コンサート映画というジャンルには、前と後がある。 デヴィッド・バーンさんとトーキング・ヘッズが1984年に作った『ストップ・メイキング・センス』が、その「前」を終わらせた。
そして36年後、今度はスパイク・リーさんを監督に迎えて「後」を更新した映画が、この『アメリカン・ユートピア』です。
舞台はブロードウェイのステージ。 12人のミュージシャンが全員裸足、全員が同じ銀灰色のスーツを着て、全員が楽器を持って動き回りながら演奏する。 バンドメンバーとヴォーカルが同じステージ上で舞うライブは、今まで誰もやっていなかったし、デヴィッド・バーンさんじゃなきゃたぶん成立しなかったと思います(当社比)。
マーチングバンド形式というのが、まずすごい。 ロックのライブでは誰もやらない形式です。 けれどそこにロックがあり、ブラジル音楽があり、マーチがあり、ゴスペルがある。 明暗と陰陽を使い分ける照明の中、12人が隊列を組んで動き回る。
中盤、ジャネール・モネイさんの抗議ソング「Hell You Talmbout」をカバーするシーンで、空気が変わります。 本人の許可を得て、不当に命を奪われた黒人の名前を一人ずつ呼びかける曲です。 観ていてしんどい。でも目が離せない。
そして終盤、「Road to Nowhere」が始まる。 1985年のトーキング・ヘッズの名曲が、裸足の12人の行進という新しい形で蘇る瞬間。 行き先のない道を、それでも歌いながら進んでいく。 あのシーンを観て、感情が動かない人はいないと思います(当社比)。
締め括りに「世界中のどこにいても、有権者登録をしてください」と語りかけるデヴィッド・バーンさん。 エンターテインメントでありながら、ちゃんと政治的でもある。 理想郷はあなたから始まる、と本当に思わせてくれる一本です。
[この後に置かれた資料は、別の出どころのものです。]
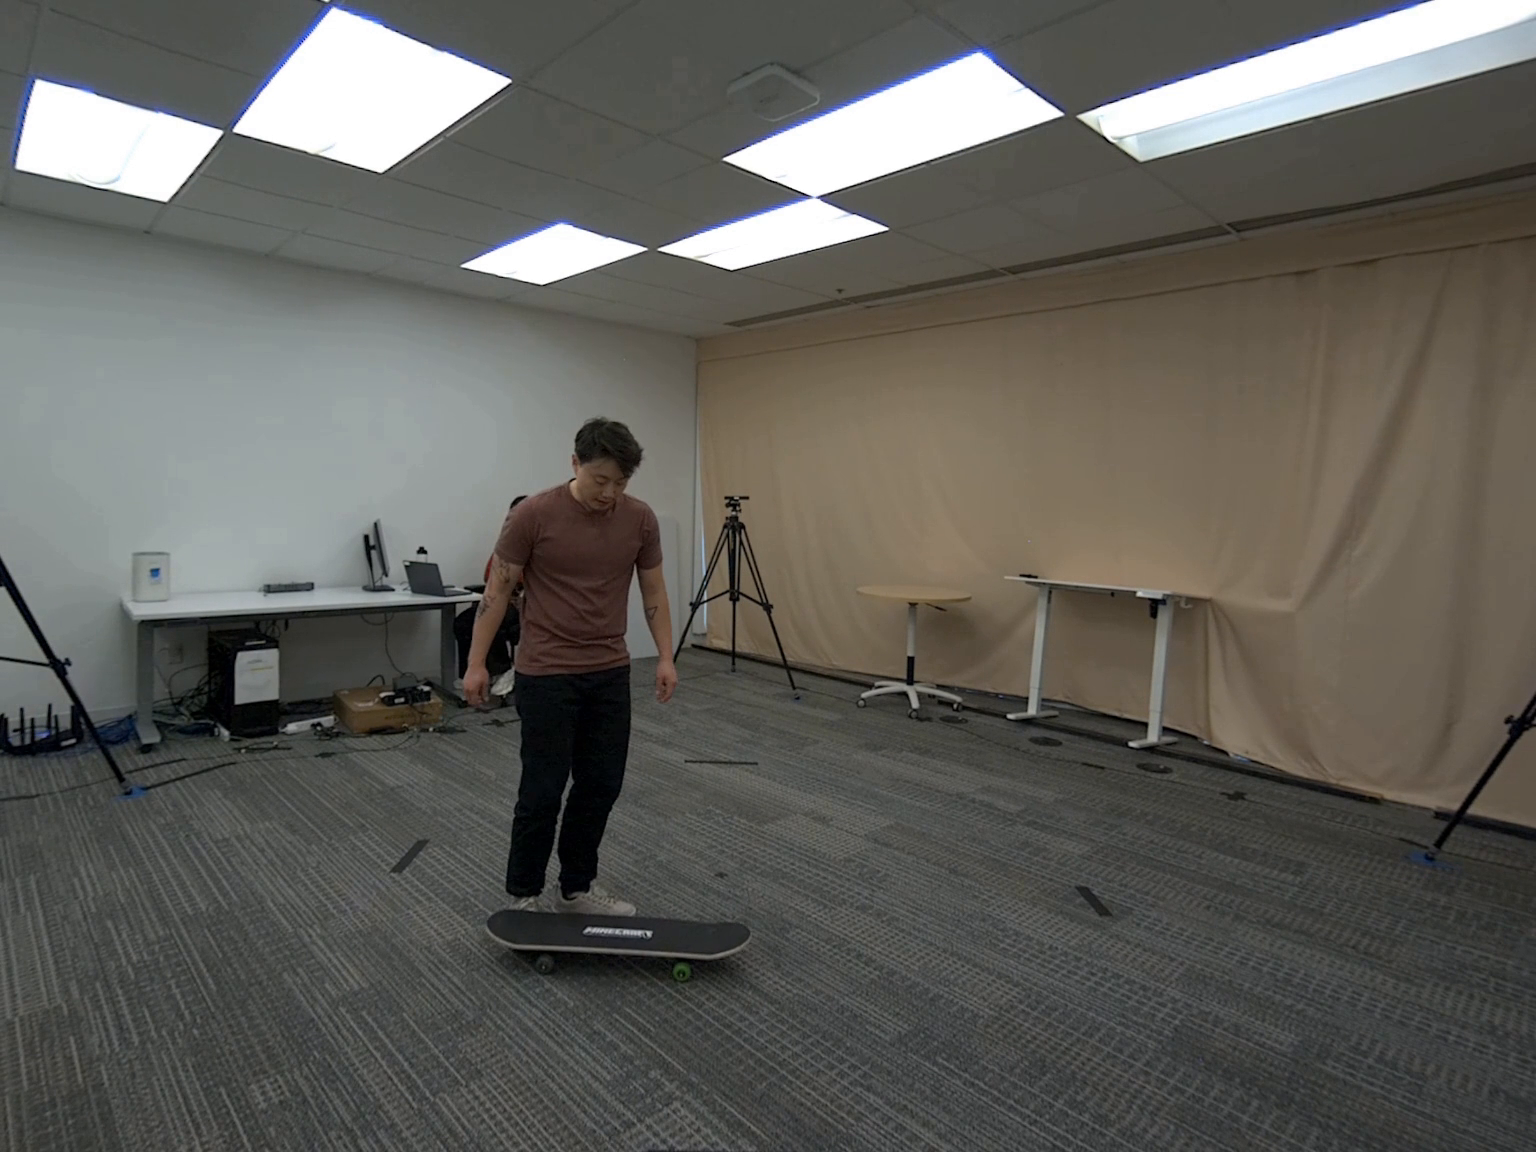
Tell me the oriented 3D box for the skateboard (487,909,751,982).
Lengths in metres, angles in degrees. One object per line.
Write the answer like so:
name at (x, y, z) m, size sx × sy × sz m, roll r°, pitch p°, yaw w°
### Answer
skateboard at (-0.441, 1.095, 2.493) m, size 0.787 × 0.110 × 0.193 m, roll 1°, pitch 4°, yaw 2°
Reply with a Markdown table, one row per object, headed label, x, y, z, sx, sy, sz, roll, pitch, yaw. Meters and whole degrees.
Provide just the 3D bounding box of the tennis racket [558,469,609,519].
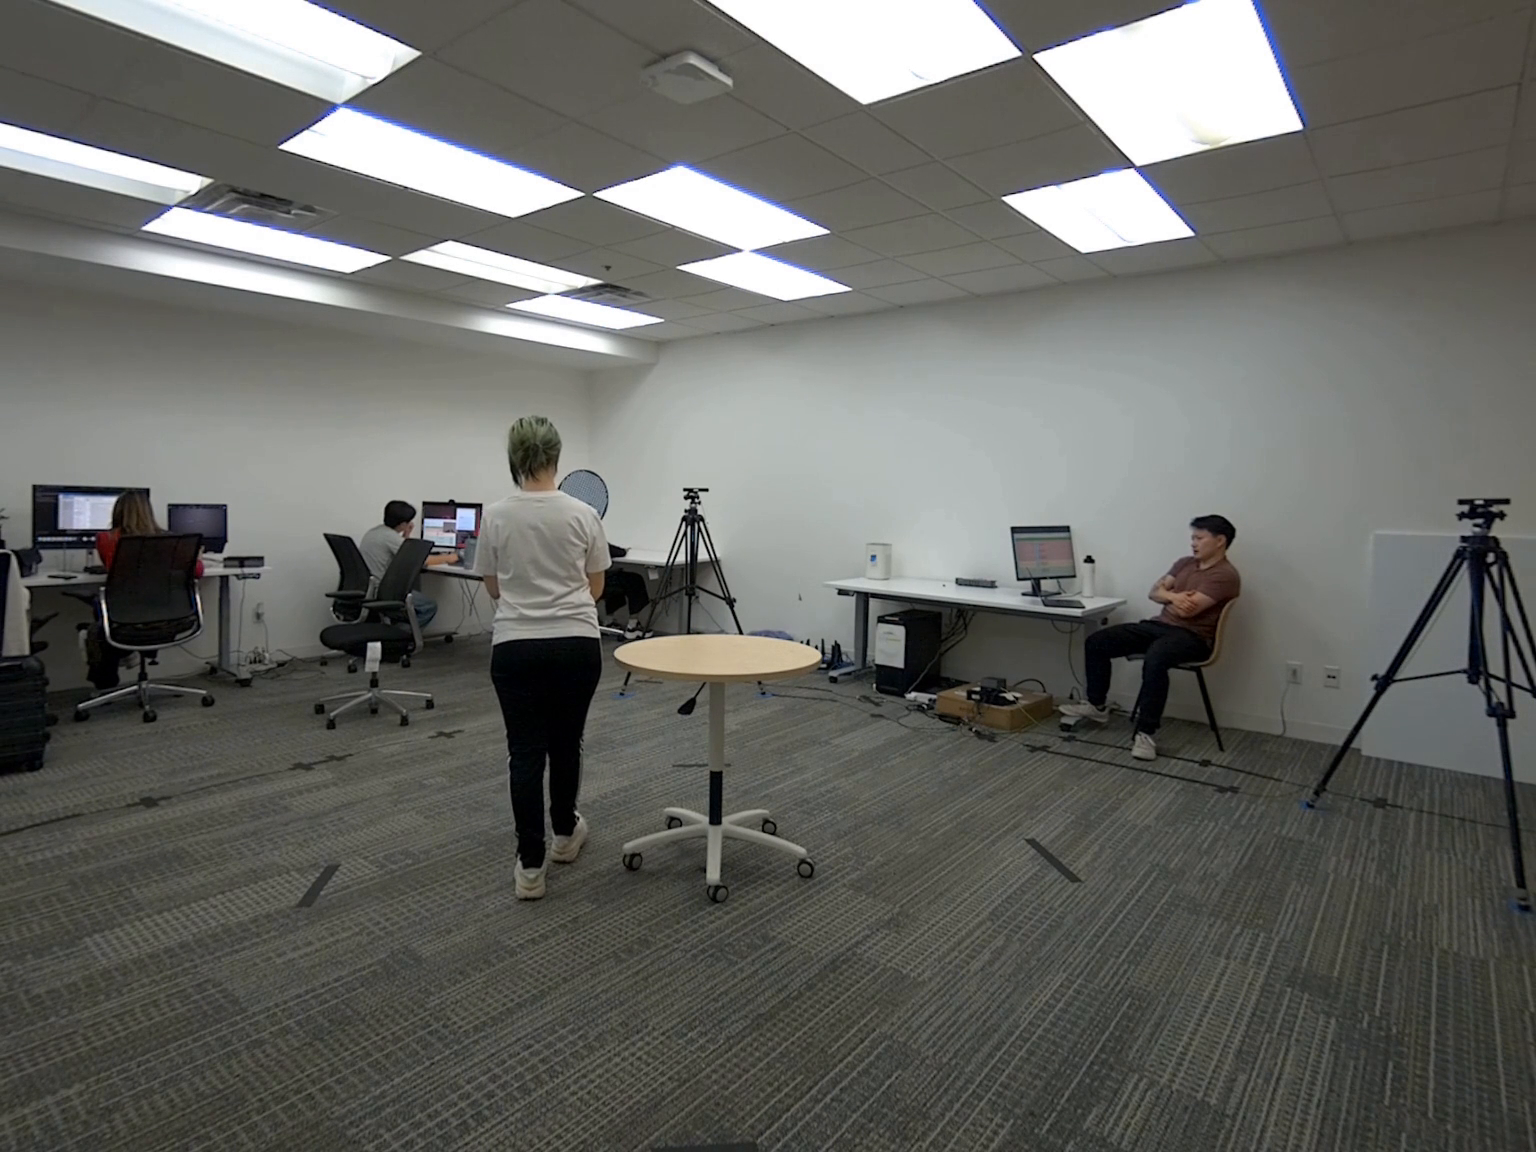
| label | x | y | z | sx | sy | sz | roll | pitch | yaw |
| --- | --- | --- | --- | --- | --- | --- | --- | --- | --- |
| tennis racket | -0.770 | -0.228 | 3.346 | 0.209 | 0.438 | 0.032 | 20 | -19 | -18 |

1975年にトーキング・ヘッズを結成し、1984年の『ストップ・メイキング・センス』でコンサート映画の概念を変えた。 本作は2018年のソロアルバム『American Utopia』を軸に構築したブロードウェイ公演を映画化したもので、 スパイク・リーが監督として参加。全21曲、全員裸足・同一衣装・移動しながら演奏するという 前例のない形式を生み出した。
脳のシリコンモデルを両手で持ち、ステージ中央に一人で立つデヴィッド・バーン。 「これが脳だ。シナプスが繋がり、やがて失われていく」と語りかける。 そこに一人、また一人とミュージシャンが加わっていく。 静から動へ、独白から演奏へ移行するこのオープニングが、全体のトーンを決める。
ジャネール・モネイさんの抗議ソングを、本人の許可を得てカバー。 不当に命を奪われた黒人の名前を一人ずつ叫ぶ。観客も一緒になって繰り返す。 「Hell You Talmbout(何が言いたいんだ)」という問いかけが、ステージ全体を震わせる。 音楽と政治が真正面からぶつかり合う、このショウの核心にあるシーン。
裸足の12人が隊列を組み、ステージを行進しながら演奏する。 36年前の名曲が、この形式で鳴ったとき、まったく別の曲になる。 行き先のない道を歌いながら進む姿が、映画全体のテーマを凝縮して示す瞬間。 ここで感情が動かなければ、もう一度最初から観てほしい(当社比)。